Emotion spilled all over the floor of the Oregon Senate toward the end of Thursday's brief special session. That will happen when the subject is child sex abuse.
The emotion came in part from Senator Bruce Starr, a Hillsoboro Republican, who had pushed a very similar measure in the 2005 session. "Jessica's Law" - another of those measures named for a victim of a horrific crime - is relatively narrow, and easily gets widespread support. It applies to adults who sexually molest children under 12, and requires both a 25-year sentence and lifetime monitoring, since so many such offenders are compulsive re-offenders.
House Bill 3507 passed the House in 2005 and quickly got the support of most senators, but became snared in the Senate-House cross-battles over legislation, and died at session's end. Hardly anyone felt good about that, and when Governor Ted Kulongoski ordered up a special session, Senate President Peter Courtney pushed through inclusion of Jessica's.
In the meantime, it had become the subject of a major initiative campaign which seemed likely to get it on the ballot and to pass it; Starr was much involved with that as well. And he talked at length Thursday, sometimes in circular fashion. But he sounded a grateful note Thursday - he might have understandably felt undercut at this point - as the proposal approached its final passage (30-0) in the Senate.
A rather different note came from another bill supporter, Eugene Democrat Vicki Walker.
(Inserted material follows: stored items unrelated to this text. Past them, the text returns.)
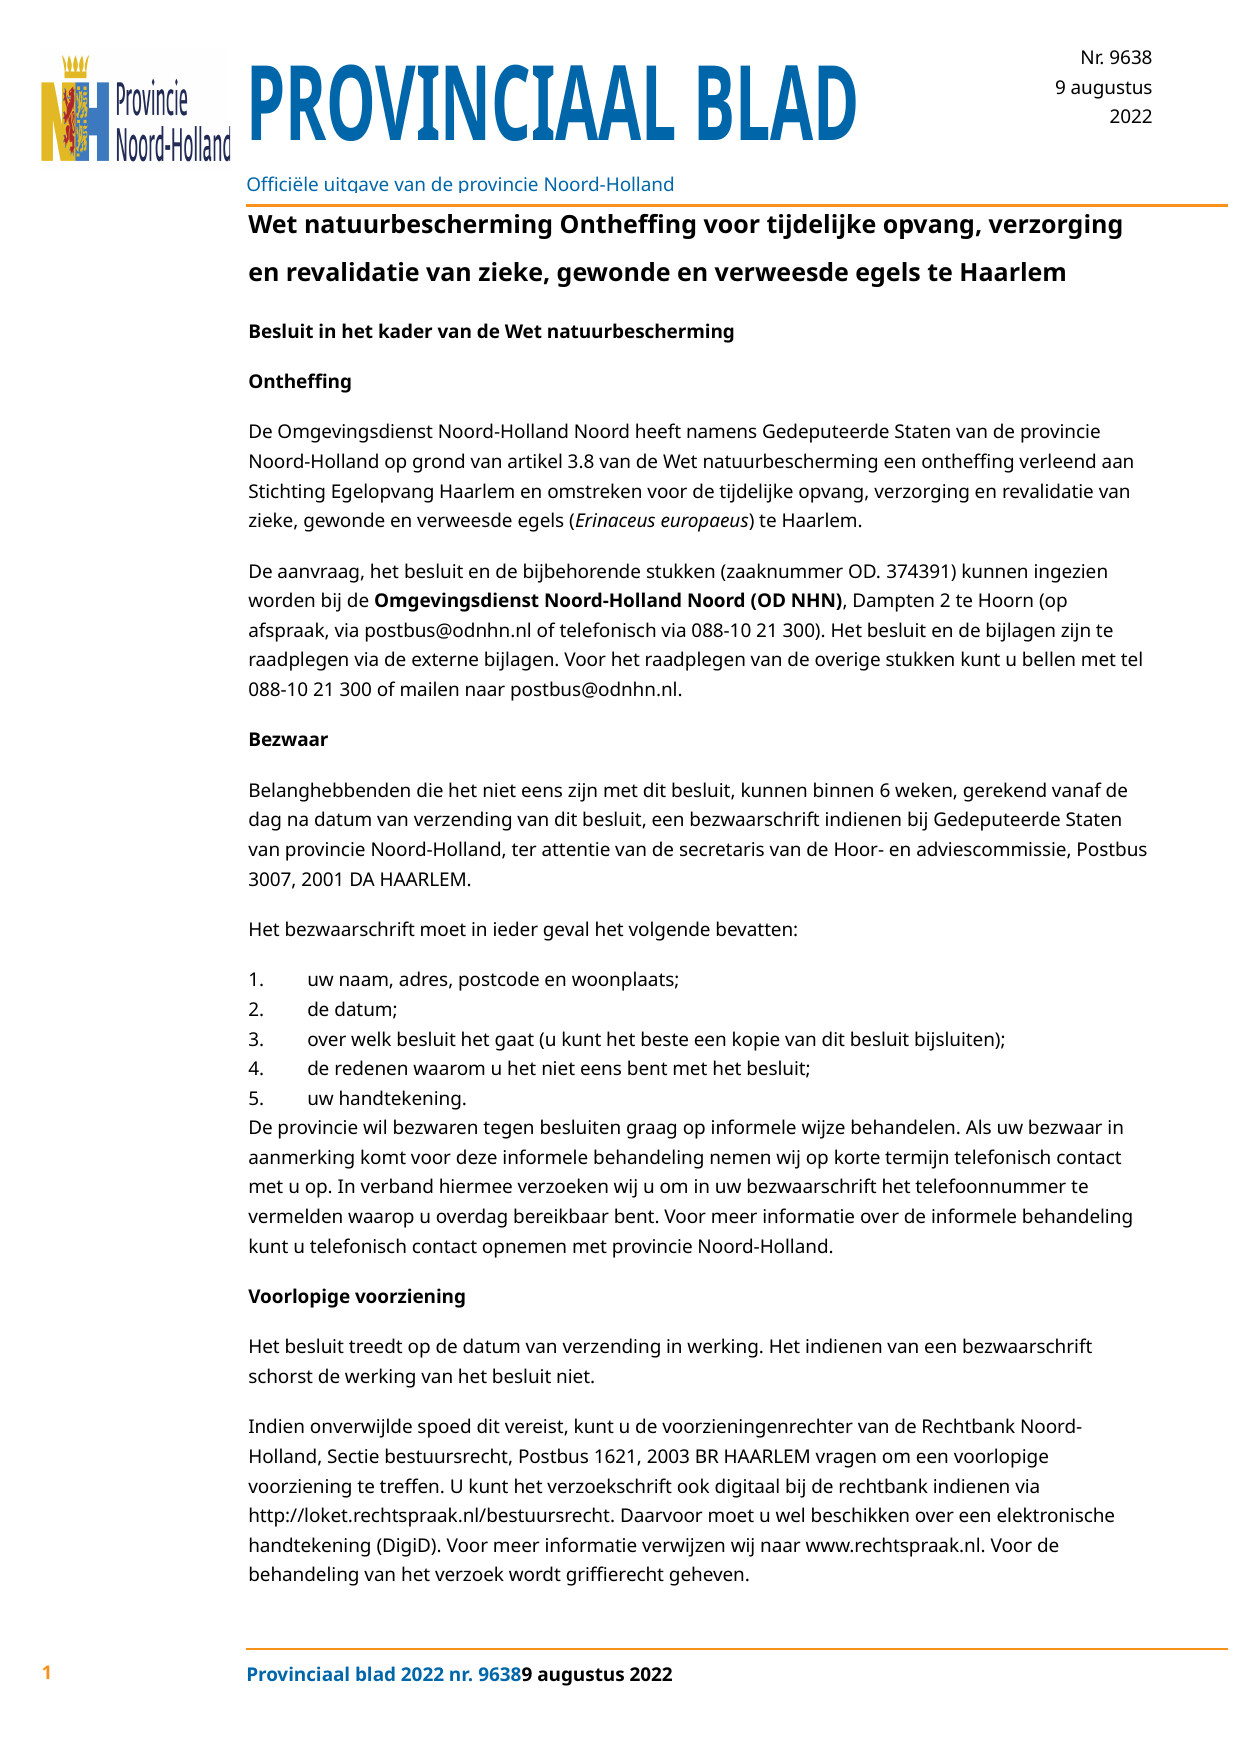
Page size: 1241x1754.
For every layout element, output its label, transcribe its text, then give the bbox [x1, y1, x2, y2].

list uw handtekening. [248, 1085, 1152, 1111]
list de datum; [248, 996, 1152, 1022]
text De aanvraag, het besluit en de bijbehorende stukken (zaaknummer OD. 374391) kunnen ingezien worden bij de Omgevingsdienst Noord-Holland Noord (OD NHN), Dampten 2 te Hoorn (op afspraak, via postbus@odnhn.nl of telefonisch via 088-10 21 300). Het besluit en de bijlagen zijn te raadplegen via de externe bijlagen. Voor het raadplegen van de overige stukken kunt u bellen met tel 088-10 21 300 of mailen naar postbus@odnhn.nl. [248, 558, 1152, 702]
text Belanghebbenden die het niet eens zijn met dit besluit, kunnen binnen 6 weken, gerekend vanaf de dag na datum van verzending van dit besluit, een bezwaarschrift indienen bij Gedeputeerde Staten van provincie Noord-Holland, ter attentie van de secretaris van de Hoor- en adviescommissie, Postbus 3007, 2001 DA HAARLEM. [248, 777, 1152, 892]
text Bezwaar [248, 727, 1152, 752]
text Besluit in het kader van de Wet natuurbescherming [248, 318, 1152, 344]
text Het bezwaarschrift moet in ieder geval het volgende bevatten: [248, 916, 1152, 942]
text De Omgevingsdienst Noord-Holland Noord heeft namens Gedeputeerde Staten van de provincie Noord-Holland op grond van artikel 3.8 van de Wet natuurbescherming een ontheffing verleend aan Stichting Egelopvang Haarlem en omstreken voor de tijdelijke opvang, verzorging en revalidatie van zieke, gewonde en verweesde egels (Erinaceus europaeus) te Haarlem. [248, 419, 1152, 533]
text De provincie wil bezwaren tegen besluiten graag op informele wijze behandelen. Als uw bezwaar in aanmerking komt voor deze informele behandeling nemen wij op korte termijn telefonisch contact met u op. In verband hiermee verzoeken wij u om in uw bezwaarschrift het telefoonnummer te vermelden waarop u overdag bereikbaar bent. Voor meer informatie over de informele behandeling kunt u telefonisch contact opnemen met provincie Noord-Holland. [248, 1114, 1152, 1259]
list over welk besluit het gaat (u kunt het beste een kopie van dit besluit bijsluiten); [248, 1026, 1152, 1052]
picture [41, 47, 231, 172]
text Het besluit treedt op de datum van verzending in werking. Het indienen van een bezwaarschrift schorst de werking van het besluit niet. [248, 1334, 1152, 1389]
list uw naam, adres, postcode en woonplaats; [248, 967, 1152, 992]
text Voorlopige voorziening [248, 1283, 1152, 1309]
list de redenen waarom u het niet eens bent met het besluit; [248, 1055, 1152, 1081]
text Indien onverwijlde spoed dit vereist, kunt u de voorzieningenrechter van de Rechtbank Noord-Holland, Sectie bestuursrecht, Postbus 1621, 2003 BR HAARLEM vragen om een voorlopige voorziening te treffen. U kunt het verzoekschrift ook digitaal bij de rechtbank indienen via http://loket.rechtspraak.nl/bestuursrecht. Daarvoor moet u wel beschikken over een elektronische handtekening (DigiD). Voor meer informatie verwijzen wij naar www.rechtspraak.nl. Voor de behandeling van het verzoek wordt griffierecht geheven. [248, 1414, 1152, 1587]
text Ontheffing [248, 368, 1152, 394]
text Wet natuurbescherming Ontheffing voor tijdelijke opvang, verzorging en revalidatie van zieke, gewonde en verweesde egels te Haarlem [248, 207, 1152, 288]
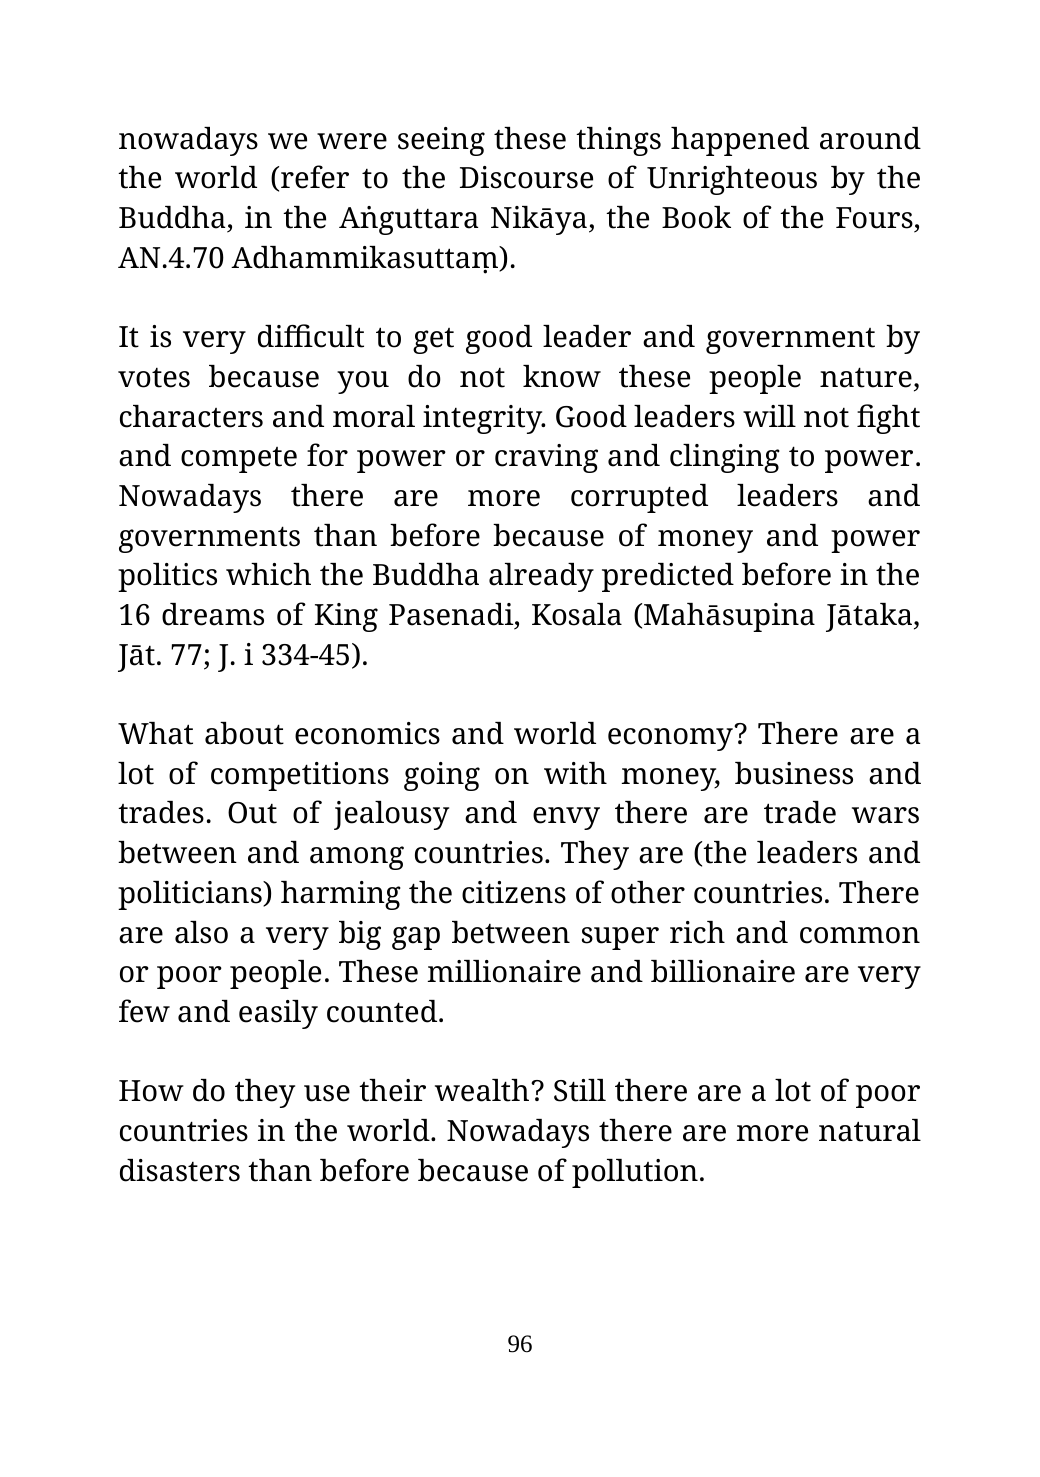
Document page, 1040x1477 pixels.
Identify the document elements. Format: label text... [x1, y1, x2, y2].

text How do they use their wealth? Still there are a lot of poor countries in the world. Nowadays there are more natural disasters than before because of pollution. [118, 1071, 922, 1190]
text What about economics and world economy? There are a lot of competitions going on with money, business and trades. Out of jealousy and envy there are trade wars between and among countries. They are (the leaders and politicians) harming the citizens of other countries. There are also a very big gap between super rich and common or poor people. These millionaire and billionaire are very few and easily counted. [118, 713, 922, 1031]
text It is very difficult to get good leader and government by votes because you do not know these people nature, characters and moral integrity. Good leaders will not fight and compete for power or craving and clinging to power. Nowadays there are more corrupted leaders and governments than before because of money and power politics which the Buddha already predicted before in the 16 dreams of King Pasenadi, Kosala (Mahāsupina Jātaka, Jāt. 77; J. i 334-45). [118, 317, 922, 674]
text nowadays we were seeing these things happened around the world (refer to the Discourse of Unrighteous by the Buddha, in the Aṅguttara Nikāya, the Book of the Fours, AN.4.70 Adhammikasuttaṃ). [118, 118, 922, 277]
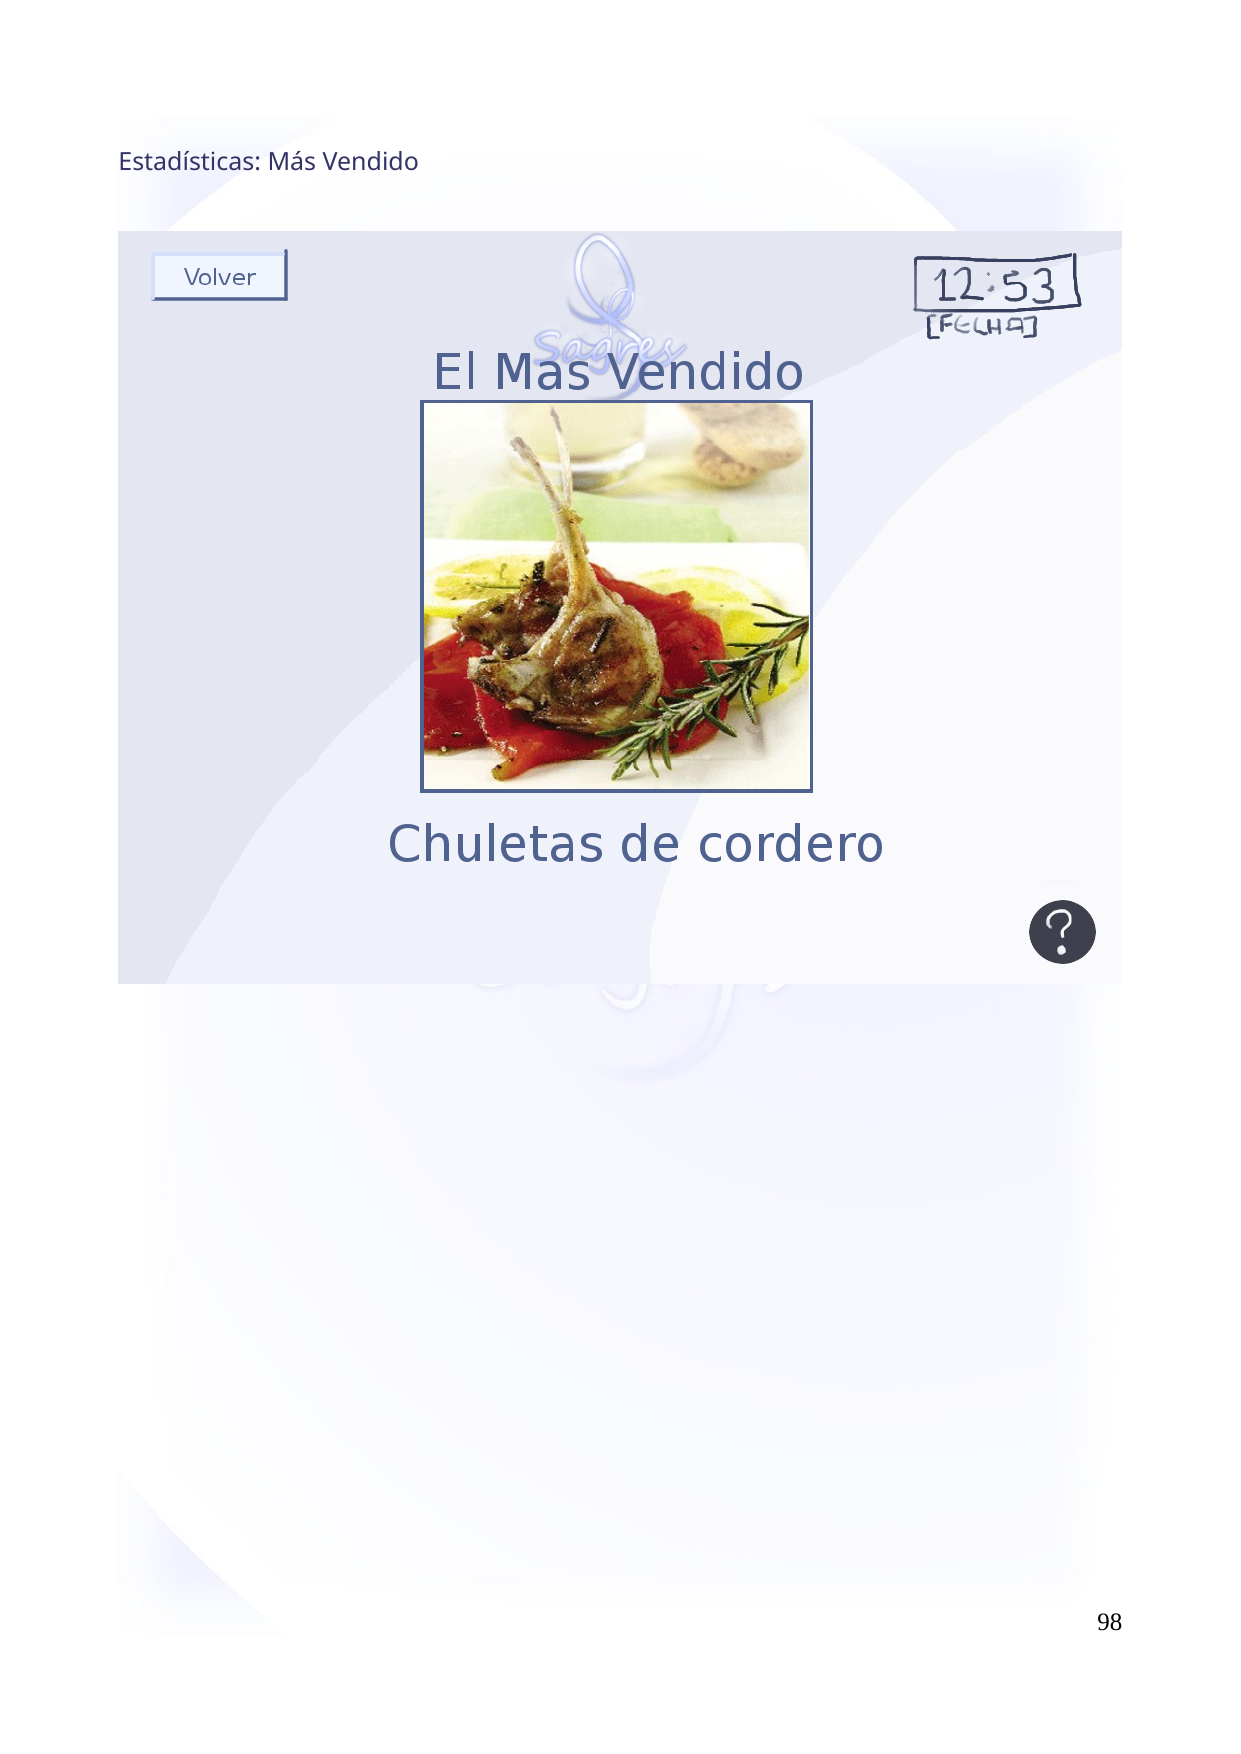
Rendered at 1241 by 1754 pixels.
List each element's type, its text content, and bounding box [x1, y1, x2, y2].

subtitle Estadísticas: Más Vendido [118, 143, 1122, 177]
picture [118, 177, 1122, 1636]
picture [118, 118, 1122, 143]

Her story was personal. She started out withthe blunt statement, "I was raped when I was five years old," and went on from there through experiences that went on more than a decade. She warned that most child sex abusers are family, neighbors or friends of the family, and cited personal experience to back that up.
You could see the senators squirming as they listened (she acknowledged the discomfort in the room as she was speaking), but the unease came not only from her personal story, harrowing as it was, but also from her legislative point: That crafting legislation which reaches into families, which aims at holding families together while also protecting children, is a tough thing to do. She and other senators are at work on it, she noted, and noted as well that the effort has drawn concern from a range of quarters. And that battle, she suggested, hasn't even properly begun.
"I'm sorry this offended some of your sensibilities," she said near the end. That sounded almost like a warning: If she's re-elected and back in the chamber in January, that offense may continue.